The battery storage sector still faces challenges. Other types of batteries that might potentially store energy for longer could make some projects relying on today’s lithium-ion batteries obsolete. The rush of storage installations could also make electricity prices less volatile—and battery projects less profitable. Permitting snags and other challenges hooking projects up to power grids in some states could also hamper growth.

Puerto Rico is Another Market for Battery Storage

The Biden-Harris administration announced $325 million in federal funds for solar and battery storage installations across Puerto Rico as the territory faces chronic power outages. The program, funded by the Biden-Harris Department of Energy, will target community centers and healthcare facilities, as well as subsidized, multi-family housing. According to U.S. government officials, the outages endanger the lives of those who depend on oxygen, refrigerated insulin and dialysis machines.

The southern coastal town of Santa Isabel, one of several towns in the area hit by a power outage in June, left 10,000 customers without power.  Another widespread outage in June left about 350,000 customers without power across Puerto Rico, prompting Governor Pedro Pierluisi to order an investigation. Puerto Rico, an island of 3.2 million people, has a more than 40 percent poverty rate and many residents cannot afford a backup generator.

Puerto Rico’s power grid has long been crumbling given a lack of investment and maintenance by Puerto Rico’s Electric Power Authority, which is still trying to restructure more than $9 billion in debt. It was worsened nearly seven years ago after Hurricane Maria pummeled the island as a Category 4 storm, leaving some without power for up to a year. Prior to Maria, renewable energy generation on the island was at 3 percent, and it is now 9 percent. Puerto Ricans have been hit with power bill increases that result in an electricity rate that is 41 percent higher than the average U.S. rate.

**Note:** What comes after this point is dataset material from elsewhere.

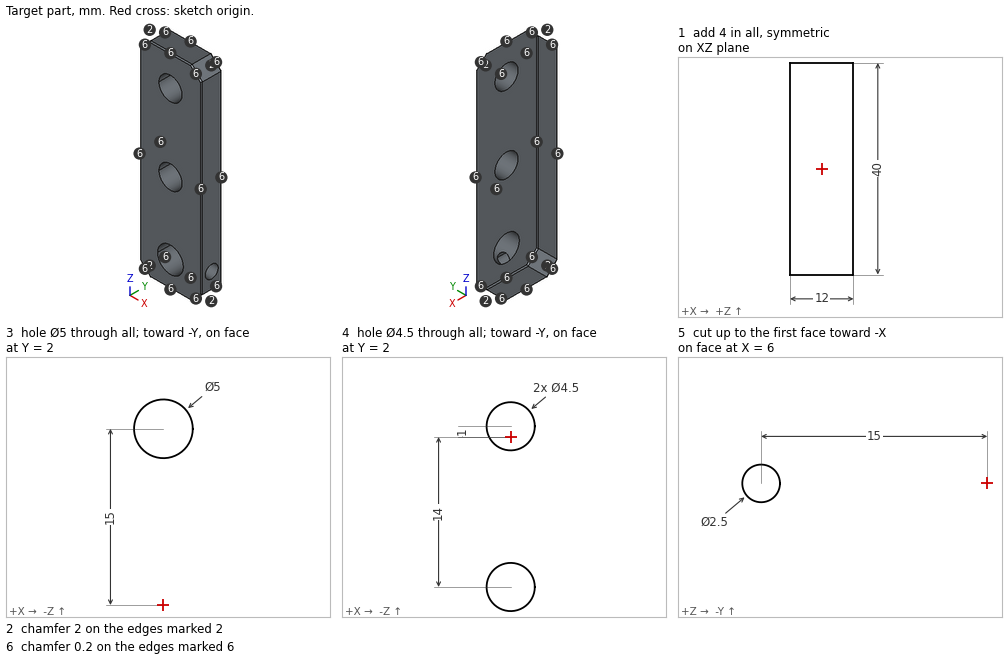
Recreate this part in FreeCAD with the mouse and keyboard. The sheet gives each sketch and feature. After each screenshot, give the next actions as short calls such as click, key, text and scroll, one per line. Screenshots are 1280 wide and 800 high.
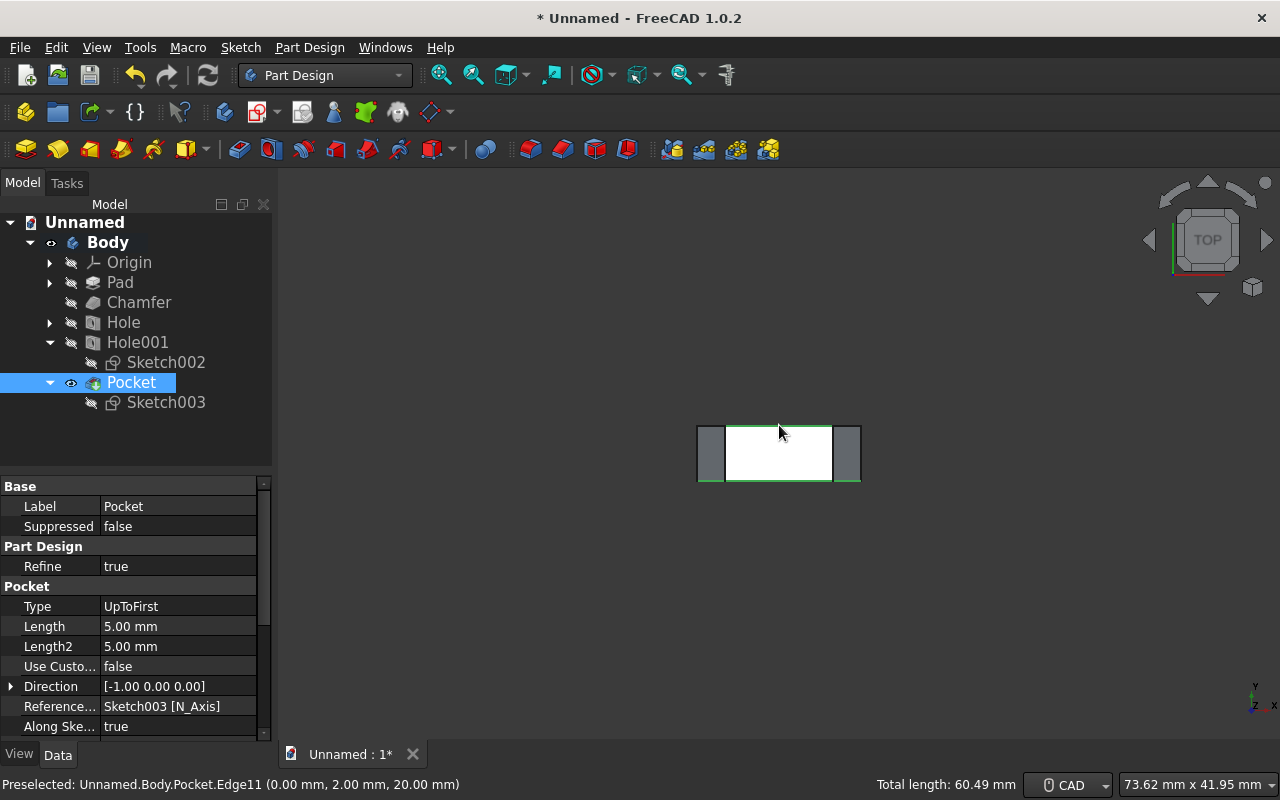
click(711, 425, ctrl)

The Biden-Harris Department of Energy also announced an $861 million loan guarantee to help build two solar photovoltaic farms in the southern towns of Guayama and Salinas. The guarantee was offered to Clean Flexible Energy, LLC, an indirect subsidiary of AES Corporation and TotalEnergies Holdings USA, Inc.

Conclusion

Entrepreneurs are looking toward battery storage as a lucrative market where they can buy power cheap and sell it at high prices. The losers are American consumers for battery storage is an expensive technology, but is required to stabilize a power grid that has been forced to accept intermittent wind and solar capacity by regulations implemented by the Biden-Harris administration and tax credits in the Democrat-passed Inflation Reduction Act. Battery storage is a rapidly growing sector that is being fueled by a surge in solar and wind power and billions of dollars of debt-equity investment by Wall Street banks. Texas and California dominate the states installing battery storage as they have the highest wind and solar capacity in the country. But, the Biden-Harris administration is also committing funds for solar power and battery storage in Puerto Rico—an American territory plagued by chronic power outages caused mostly by their own mismanagement.